> [Data to examine]
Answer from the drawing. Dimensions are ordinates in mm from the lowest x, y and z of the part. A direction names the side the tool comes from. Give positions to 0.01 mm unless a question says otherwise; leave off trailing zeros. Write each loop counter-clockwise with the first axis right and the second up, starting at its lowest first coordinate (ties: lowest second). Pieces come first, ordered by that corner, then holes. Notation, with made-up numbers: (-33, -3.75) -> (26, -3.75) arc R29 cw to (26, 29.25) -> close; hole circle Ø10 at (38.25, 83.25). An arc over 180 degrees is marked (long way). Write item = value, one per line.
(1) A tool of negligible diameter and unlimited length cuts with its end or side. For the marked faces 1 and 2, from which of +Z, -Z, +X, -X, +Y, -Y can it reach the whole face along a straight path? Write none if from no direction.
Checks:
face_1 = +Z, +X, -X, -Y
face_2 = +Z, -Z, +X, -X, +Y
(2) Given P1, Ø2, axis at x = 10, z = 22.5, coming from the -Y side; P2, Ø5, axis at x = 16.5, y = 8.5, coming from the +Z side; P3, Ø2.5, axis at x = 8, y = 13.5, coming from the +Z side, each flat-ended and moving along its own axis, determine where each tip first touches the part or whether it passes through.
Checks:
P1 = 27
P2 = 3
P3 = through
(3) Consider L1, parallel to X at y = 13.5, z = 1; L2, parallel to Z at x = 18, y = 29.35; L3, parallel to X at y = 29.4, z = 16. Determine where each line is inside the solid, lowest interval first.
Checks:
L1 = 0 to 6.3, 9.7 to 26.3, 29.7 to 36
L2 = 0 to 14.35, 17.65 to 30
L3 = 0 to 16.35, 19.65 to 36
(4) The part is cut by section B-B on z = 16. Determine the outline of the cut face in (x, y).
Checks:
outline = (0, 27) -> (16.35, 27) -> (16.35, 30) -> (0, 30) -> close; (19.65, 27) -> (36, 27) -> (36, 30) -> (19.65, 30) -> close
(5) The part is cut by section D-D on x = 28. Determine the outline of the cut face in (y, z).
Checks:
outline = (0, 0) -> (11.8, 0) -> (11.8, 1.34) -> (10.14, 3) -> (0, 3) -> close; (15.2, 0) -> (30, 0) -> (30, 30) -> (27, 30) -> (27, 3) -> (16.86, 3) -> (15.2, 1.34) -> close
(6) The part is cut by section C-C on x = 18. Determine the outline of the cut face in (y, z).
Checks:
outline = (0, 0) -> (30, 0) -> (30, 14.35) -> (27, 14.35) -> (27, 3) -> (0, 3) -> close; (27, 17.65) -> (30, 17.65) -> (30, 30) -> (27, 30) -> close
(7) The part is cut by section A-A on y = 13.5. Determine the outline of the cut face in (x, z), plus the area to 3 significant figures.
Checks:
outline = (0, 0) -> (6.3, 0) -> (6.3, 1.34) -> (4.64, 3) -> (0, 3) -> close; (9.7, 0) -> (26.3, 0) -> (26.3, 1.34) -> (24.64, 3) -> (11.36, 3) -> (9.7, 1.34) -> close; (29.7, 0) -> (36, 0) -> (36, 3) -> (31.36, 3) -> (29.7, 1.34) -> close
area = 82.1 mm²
* * *
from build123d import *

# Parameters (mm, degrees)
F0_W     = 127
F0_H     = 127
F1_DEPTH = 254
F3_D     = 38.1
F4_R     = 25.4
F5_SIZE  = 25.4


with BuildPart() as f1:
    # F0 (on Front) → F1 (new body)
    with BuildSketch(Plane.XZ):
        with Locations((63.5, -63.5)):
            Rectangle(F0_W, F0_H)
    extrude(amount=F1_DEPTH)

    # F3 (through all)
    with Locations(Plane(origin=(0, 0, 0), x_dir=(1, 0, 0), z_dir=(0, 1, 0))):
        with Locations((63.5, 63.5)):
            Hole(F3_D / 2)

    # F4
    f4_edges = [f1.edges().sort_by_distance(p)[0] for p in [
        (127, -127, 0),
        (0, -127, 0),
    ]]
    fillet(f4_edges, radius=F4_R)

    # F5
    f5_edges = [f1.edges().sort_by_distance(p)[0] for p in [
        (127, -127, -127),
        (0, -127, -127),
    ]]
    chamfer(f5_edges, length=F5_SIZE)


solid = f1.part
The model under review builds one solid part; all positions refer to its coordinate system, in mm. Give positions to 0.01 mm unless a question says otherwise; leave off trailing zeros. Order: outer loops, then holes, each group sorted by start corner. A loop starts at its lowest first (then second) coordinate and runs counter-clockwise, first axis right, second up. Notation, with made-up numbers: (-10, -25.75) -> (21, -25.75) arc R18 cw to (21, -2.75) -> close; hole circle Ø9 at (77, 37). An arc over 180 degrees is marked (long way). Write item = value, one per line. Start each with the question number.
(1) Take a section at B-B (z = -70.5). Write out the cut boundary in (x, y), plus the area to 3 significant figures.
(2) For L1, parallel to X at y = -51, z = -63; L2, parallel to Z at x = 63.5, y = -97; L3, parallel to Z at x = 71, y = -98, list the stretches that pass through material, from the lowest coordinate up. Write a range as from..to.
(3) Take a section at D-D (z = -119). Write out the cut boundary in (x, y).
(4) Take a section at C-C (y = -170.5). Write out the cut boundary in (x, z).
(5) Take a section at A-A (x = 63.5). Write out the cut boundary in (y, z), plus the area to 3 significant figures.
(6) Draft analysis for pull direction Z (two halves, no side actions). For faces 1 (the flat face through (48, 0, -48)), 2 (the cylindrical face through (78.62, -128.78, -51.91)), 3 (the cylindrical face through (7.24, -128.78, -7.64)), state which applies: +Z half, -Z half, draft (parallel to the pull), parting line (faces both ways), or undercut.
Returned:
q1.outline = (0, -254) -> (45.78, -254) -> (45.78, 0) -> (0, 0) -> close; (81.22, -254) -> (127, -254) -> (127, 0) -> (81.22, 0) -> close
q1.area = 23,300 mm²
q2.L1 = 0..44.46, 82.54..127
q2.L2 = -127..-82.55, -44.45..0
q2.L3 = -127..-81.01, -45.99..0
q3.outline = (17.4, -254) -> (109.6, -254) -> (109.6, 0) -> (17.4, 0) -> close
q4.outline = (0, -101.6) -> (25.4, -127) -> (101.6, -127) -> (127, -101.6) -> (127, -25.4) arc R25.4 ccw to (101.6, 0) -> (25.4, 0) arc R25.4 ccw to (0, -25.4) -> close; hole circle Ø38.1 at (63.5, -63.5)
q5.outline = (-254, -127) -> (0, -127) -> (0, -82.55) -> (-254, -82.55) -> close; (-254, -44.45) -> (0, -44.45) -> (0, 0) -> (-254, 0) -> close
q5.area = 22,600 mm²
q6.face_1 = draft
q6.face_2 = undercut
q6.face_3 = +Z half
--
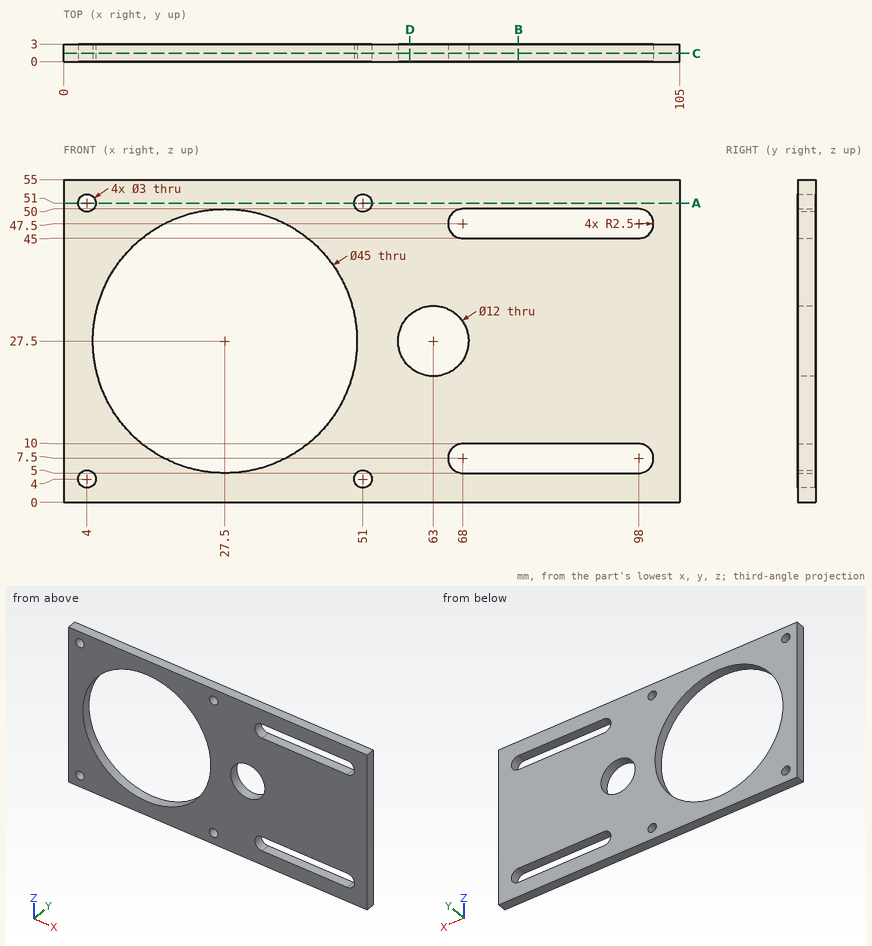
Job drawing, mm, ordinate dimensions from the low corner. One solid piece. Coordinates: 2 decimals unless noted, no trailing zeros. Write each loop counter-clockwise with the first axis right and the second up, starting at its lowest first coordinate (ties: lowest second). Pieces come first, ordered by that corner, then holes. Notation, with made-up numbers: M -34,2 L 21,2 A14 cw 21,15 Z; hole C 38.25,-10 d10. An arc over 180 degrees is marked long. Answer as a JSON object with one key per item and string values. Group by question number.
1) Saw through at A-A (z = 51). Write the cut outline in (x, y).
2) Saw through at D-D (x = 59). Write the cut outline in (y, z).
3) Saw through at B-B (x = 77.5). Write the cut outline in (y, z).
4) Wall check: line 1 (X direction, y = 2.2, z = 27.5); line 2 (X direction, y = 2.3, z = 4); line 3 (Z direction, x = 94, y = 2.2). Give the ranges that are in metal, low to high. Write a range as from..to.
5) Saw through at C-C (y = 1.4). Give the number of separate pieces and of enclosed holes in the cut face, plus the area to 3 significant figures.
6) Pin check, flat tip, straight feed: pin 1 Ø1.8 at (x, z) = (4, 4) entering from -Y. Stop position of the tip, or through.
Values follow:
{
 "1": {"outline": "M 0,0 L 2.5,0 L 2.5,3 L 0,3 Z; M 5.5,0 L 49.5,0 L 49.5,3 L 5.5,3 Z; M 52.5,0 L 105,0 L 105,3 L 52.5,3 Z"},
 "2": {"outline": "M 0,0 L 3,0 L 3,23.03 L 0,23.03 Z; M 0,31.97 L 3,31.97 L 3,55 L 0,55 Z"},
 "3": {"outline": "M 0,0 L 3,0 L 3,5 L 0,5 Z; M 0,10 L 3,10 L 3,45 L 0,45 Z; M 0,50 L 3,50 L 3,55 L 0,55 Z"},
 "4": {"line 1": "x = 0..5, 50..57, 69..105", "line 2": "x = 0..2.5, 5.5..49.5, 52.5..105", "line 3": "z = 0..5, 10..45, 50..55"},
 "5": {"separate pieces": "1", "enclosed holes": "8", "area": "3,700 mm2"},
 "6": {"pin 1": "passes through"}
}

> [What you have to do]
Using the listing above, return word for word each line from the one that has "outline = (0, 27)" through the one that has "area = 82.1 mm²", and no line outside that range.

> [Solution for this problem]
outline = (0, 27) -> (16.35, 27) -> (16.35, 30) -> (0, 30) -> close; (19.65, 27) -> (36, 27) -> (36, 30) -> (19.65, 30) -> close
(5) The part is cut by section D-D on x = 28. Determine the outline of the cut face in (y, z).
Checks:
outline = (0, 0) -> (11.8, 0) -> (11.8, 1.34) -> (10.14, 3) -> (0, 3) -> close; (15.2, 0) -> (30, 0) -> (30, 30) -> (27, 30) -> (27, 3) -> (16.86, 3) -> (15.2, 1.34) -> close
(6) The part is cut by section C-C on x = 18. Determine the outline of the cut face in (y, z).
Checks:
outline = (0, 0) -> (30, 0) -> (30, 14.35) -> (27, 14.35) -> (27, 3) -> (0, 3) -> close; (27, 17.65) -> (30, 17.65) -> (30, 30) -> (27, 30) -> close
(7) The part is cut by section A-A on y = 13.5. Determine the outline of the cut face in (x, z), plus the area to 3 significant figures.
Checks:
outline = (0, 0) -> (6.3, 0) -> (6.3, 1.34) -> (4.64, 3) -> (0, 3) -> close; (9.7, 0) -> (26.3, 0) -> (26.3, 1.34) -> (24.64, 3) -> (11.36, 3) -> (9.7, 1.34) -> close; (29.7, 0) -> (36, 0) -> (36, 3) -> (31.36, 3) -> (29.7, 1.34) -> close
area = 82.1 mm²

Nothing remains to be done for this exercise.